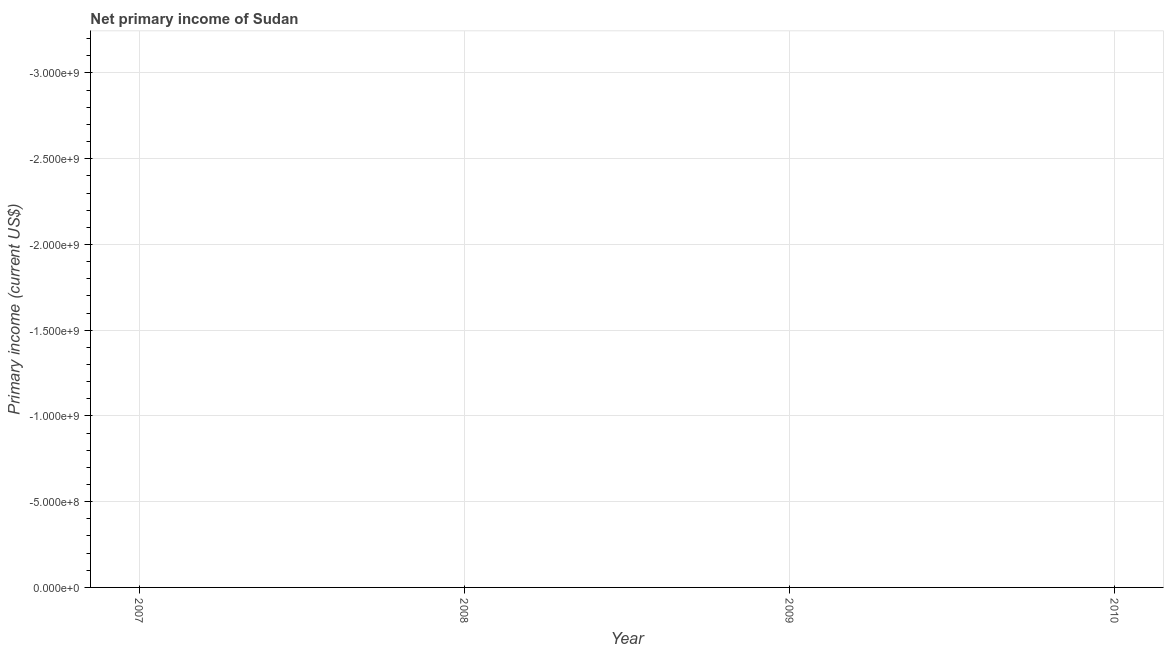What is the amount of primary income in 2008?
Provide a short and direct response. 0. What is the median amount of primary income?
Your answer should be very brief. 0. In how many years, is the amount of primary income greater than the average amount of primary income taken over all years?
Give a very brief answer. 0. Does the graph contain any zero values?
Keep it short and to the point. Yes. What is the title of the graph?
Your answer should be compact. Net primary income of Sudan. What is the label or title of the X-axis?
Your response must be concise. Year. What is the label or title of the Y-axis?
Keep it short and to the point. Primary income (current US$). What is the Primary income (current US$) in 2007?
Ensure brevity in your answer.  0. 
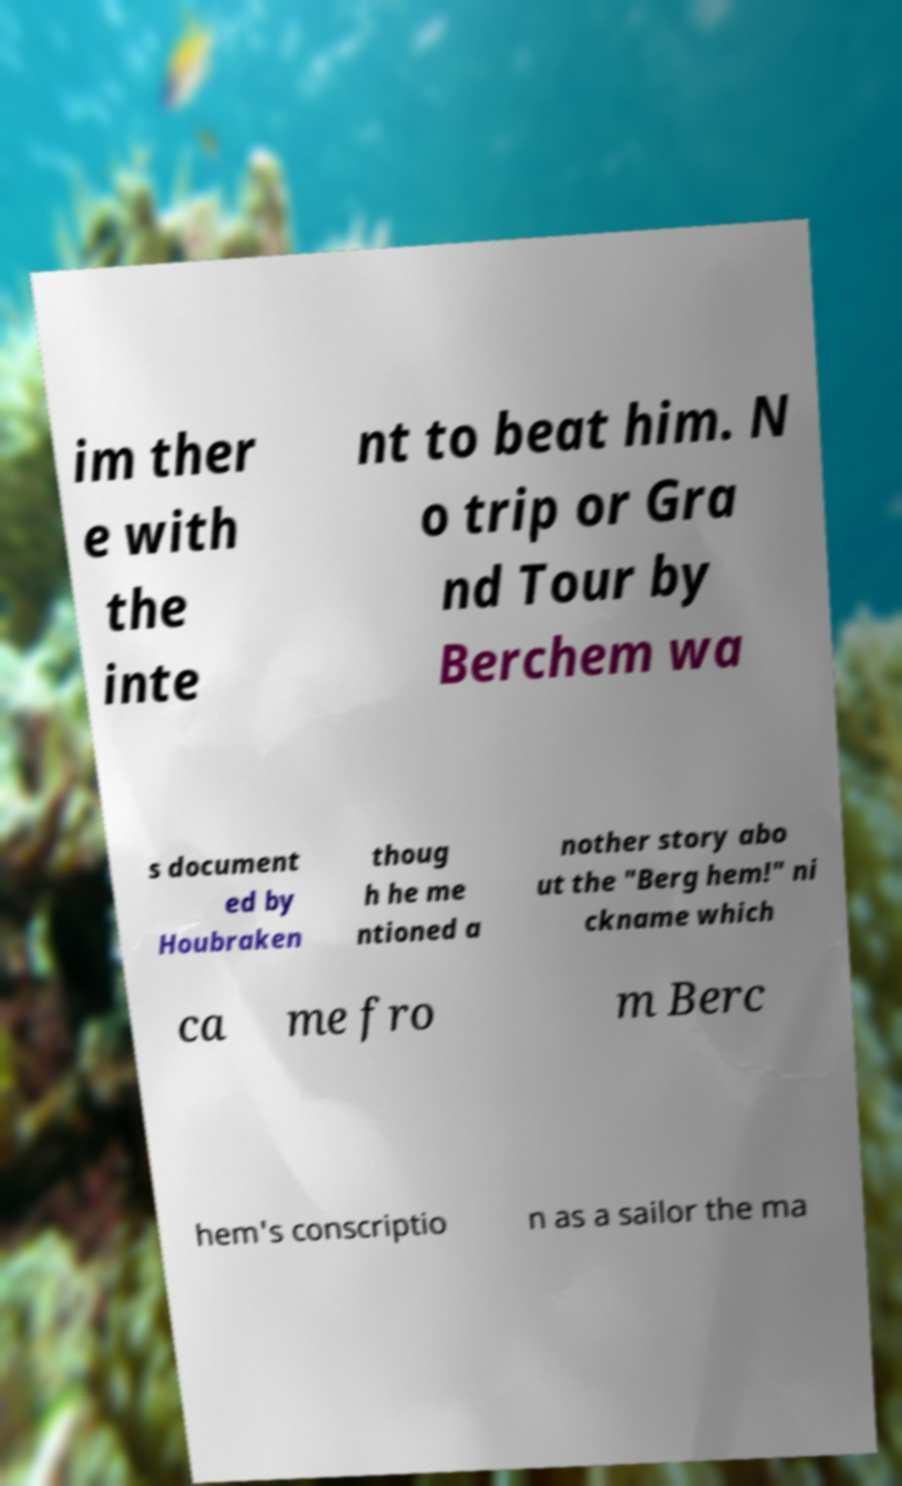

• _What you need to do_
Which lines in the data above contain "short"? Show each one.

• _Response area_
Provide a short and direct response. 0. What is the median amount of primary income?
Keep it short and to the point. Yes. What is the title of the graph?
Keep it short and to the point. Primary income (current US$). What is the Primary income (current US$) in 2007?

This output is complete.